Saturday, February 18, 2012

Video Game Revolution!

As you probably already figured, I play a fair amount of video games. I watch Nathan play even more. (He's trying to review every single one he's played over here, incidentally, and even at the rate of two reviews a day he's hardly made a dent.) So I feel like maybe some of the ideas I have for making the video game industry better might at least be a little tiny bit legit. There's one feature in particular that I think is a no brainer.

Language filters.

Seriously. Gears of War put one in (kind of as a joke, I think; they also put in a gore filter which I thought was a pretty cool addition too), and even though I didn't care for that game as a whole, I thought that feature was awesome and I respected the franchise more as a result. (In fact, that's one of the big reasons I didn't complain when Nathan bought the third Gears of War.) It cannot possibly take that much more programming to silence out the swearing in a game. It's standard procedure to add subtitles in most games with a lot of talking. It should be standard procedure to put a language filter in too.

Here's my logic: if there's a language filter option available, then those who don't want to listen to some voice actor dropping the f-bomb every two seconds don't have to. Those people who do want to subject themselves to such delights can. Everybody's happy. You please a larger audience, and you sell more copies.

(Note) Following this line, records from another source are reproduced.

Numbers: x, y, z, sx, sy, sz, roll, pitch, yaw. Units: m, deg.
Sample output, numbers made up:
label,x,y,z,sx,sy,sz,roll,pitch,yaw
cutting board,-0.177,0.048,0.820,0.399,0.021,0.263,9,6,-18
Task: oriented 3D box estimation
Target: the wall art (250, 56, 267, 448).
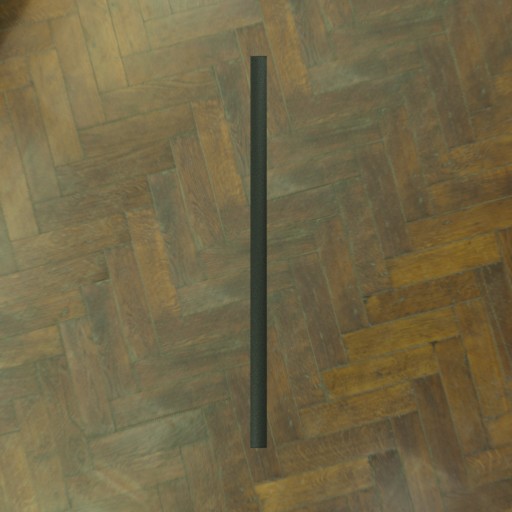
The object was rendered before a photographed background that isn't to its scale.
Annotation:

Okay, so maybe the population of people who don't appreciate swearing in video games is small. But consider this. There are a lot of games that Nathan plays through once, and never wants to play through again at least in part because of excessive cursing. It's the difference between a rent and a buy (or possibly the difference between a buy-and-return-to-Gamestop-within-a-week and a buy-to-keep). It's the difference between a parent playing it in front of their kids (with language filter on) and indoctrinating the next generation into playing this cool game, and a parent passing on it entirely (or playing it after the kids are asleep). In other words, maybe it's a smaller population, but I still think it's significant enough for the developers to spend an extra day or two adding in a basic feature.

There are so many games that I immediately dislike because I hear five f-bombs in the intro cut scene. I really don't think there's any call for that anyway, but I can respect artistic license or whatever if developers want to put it in for "atmosphere". I just think there ought to be an option to mute it for those of us who find it offensive.

Maybe I'm over idealistic. But that's my two cents.

1 comment:

  1. I played Nier with headphones on for almost the entire game (just the intro cutscene has a veritable bucket full of curse words), since I didn't feel comfortable sharing the dialogue with people around me. I felt that that type of language helped to develop the character that used it, but I also feel that it probably could have been accomplished with similar effectiveness using clean language.